____ Entries provided
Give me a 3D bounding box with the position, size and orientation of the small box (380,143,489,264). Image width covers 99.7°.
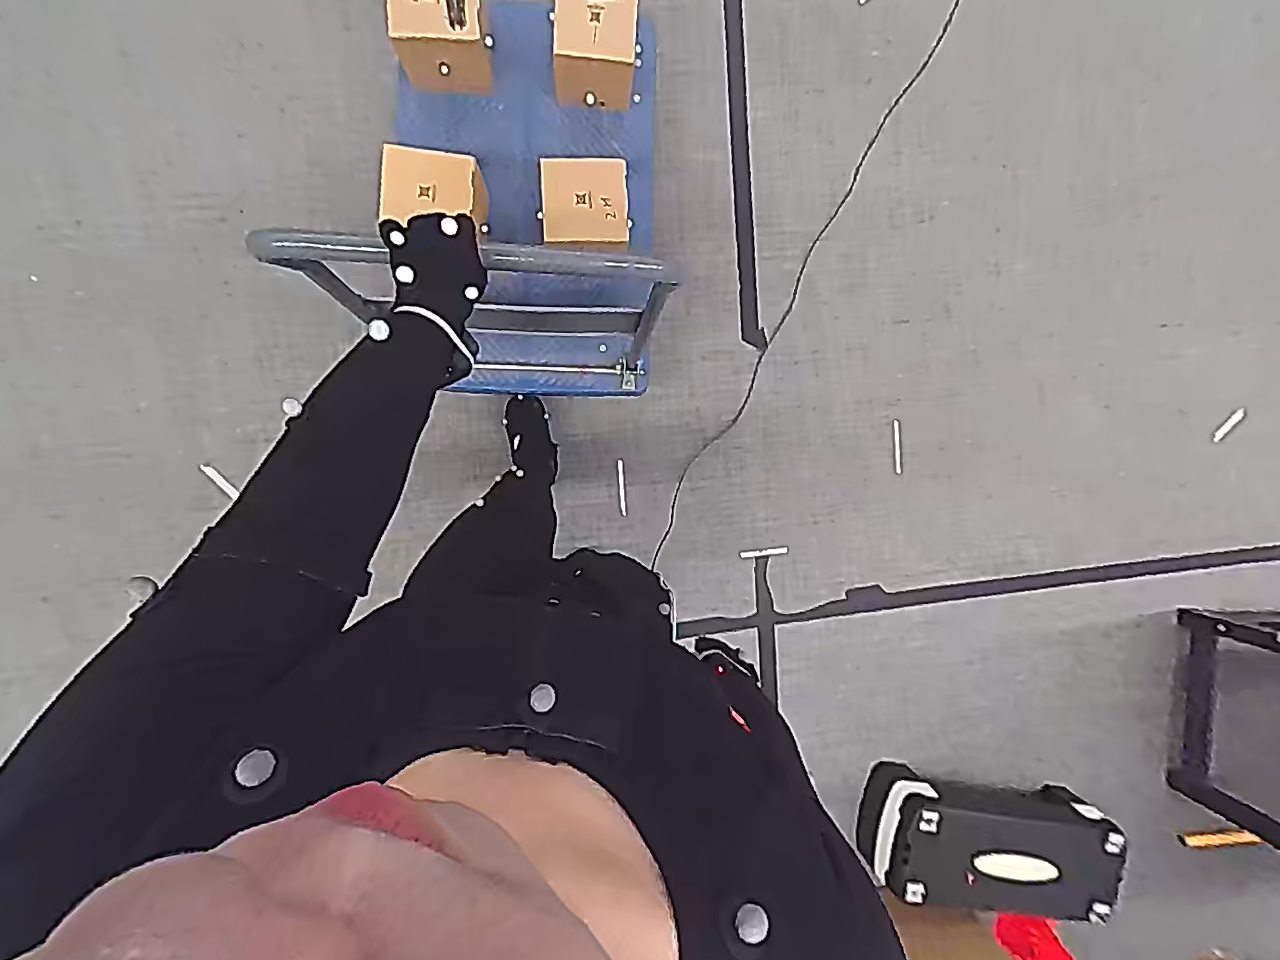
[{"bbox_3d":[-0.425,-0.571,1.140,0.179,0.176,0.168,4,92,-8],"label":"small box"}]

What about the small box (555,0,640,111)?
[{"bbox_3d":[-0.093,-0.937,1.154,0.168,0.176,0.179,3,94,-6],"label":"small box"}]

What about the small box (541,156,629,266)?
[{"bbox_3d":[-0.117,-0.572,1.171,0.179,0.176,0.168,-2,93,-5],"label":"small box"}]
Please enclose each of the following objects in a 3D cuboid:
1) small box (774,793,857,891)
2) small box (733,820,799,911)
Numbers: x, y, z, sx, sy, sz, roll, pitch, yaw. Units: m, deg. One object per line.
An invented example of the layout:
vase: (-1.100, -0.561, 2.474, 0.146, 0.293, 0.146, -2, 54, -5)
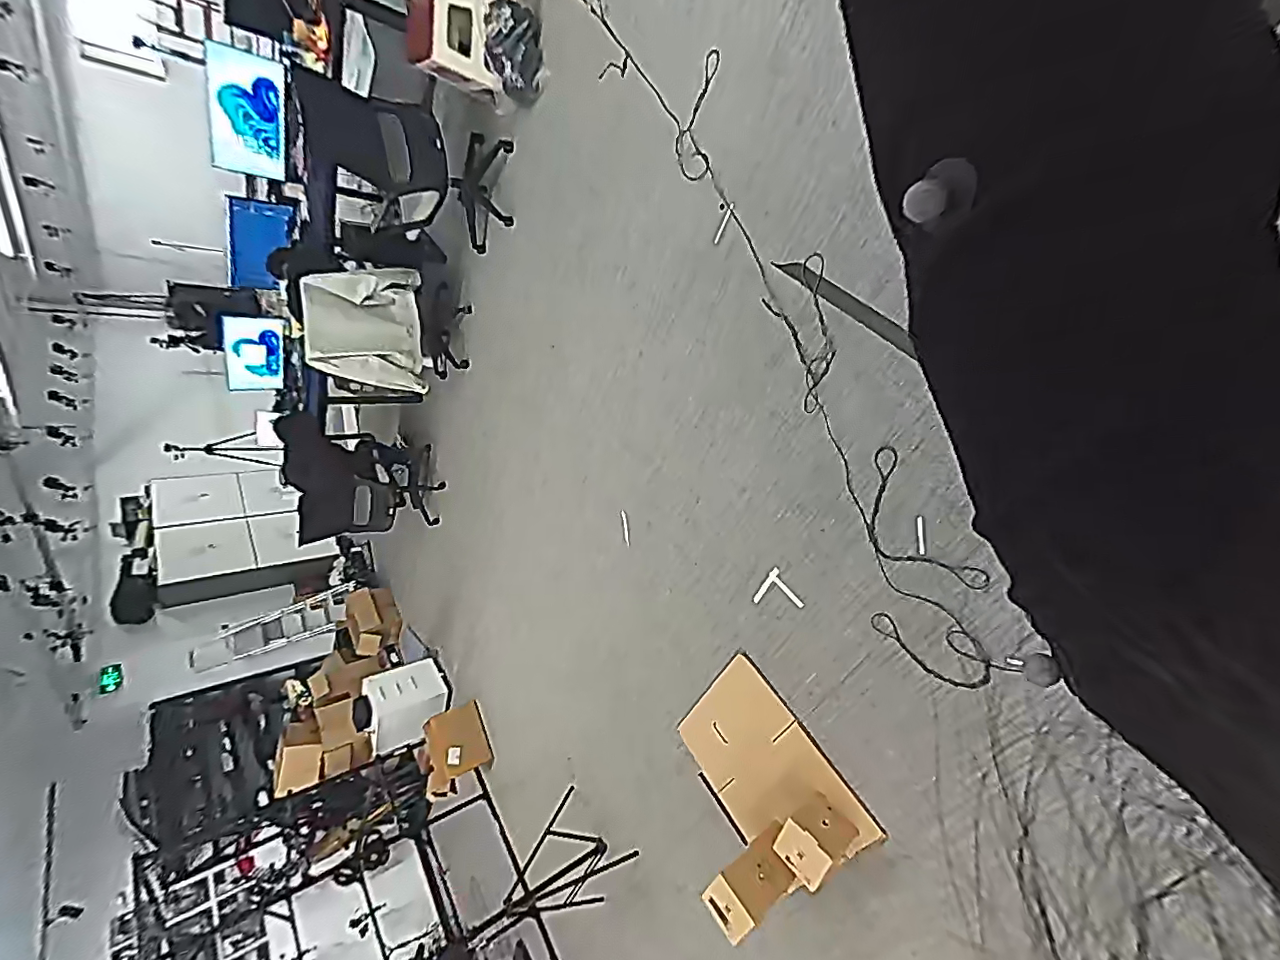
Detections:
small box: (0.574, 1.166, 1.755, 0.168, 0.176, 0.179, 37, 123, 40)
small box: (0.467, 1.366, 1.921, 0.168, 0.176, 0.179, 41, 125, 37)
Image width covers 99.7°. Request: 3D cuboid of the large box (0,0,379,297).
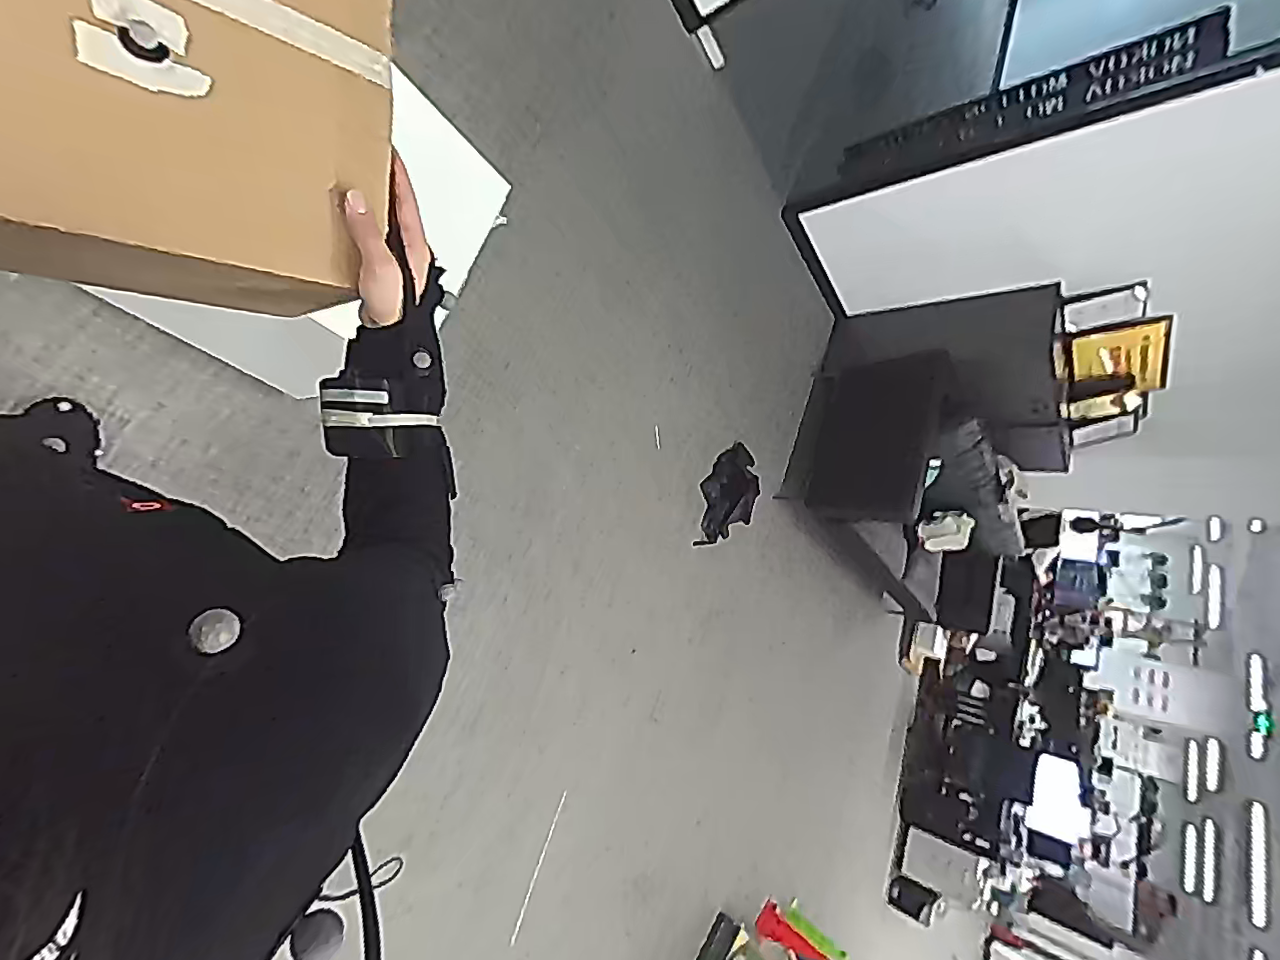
________
__Your task__. From the material above, set down exactly the lines starting at the one with "1) small box (774,793,857,891)" and ending at the one with "vase: (-1.100, -0.561, 2.474, 0.146, 0.293, 0.146, -2, 54, -5)", end lines included.

__Exercise solution__.
1) small box (774,793,857,891)
2) small box (733,820,799,911)
Numbers: x, y, z, sx, sy, sz, roll, pitch, yaw. Units: m, deg. One object per line.
An invented example of the layout:
vase: (-1.100, -0.561, 2.474, 0.146, 0.293, 0.146, -2, 54, -5)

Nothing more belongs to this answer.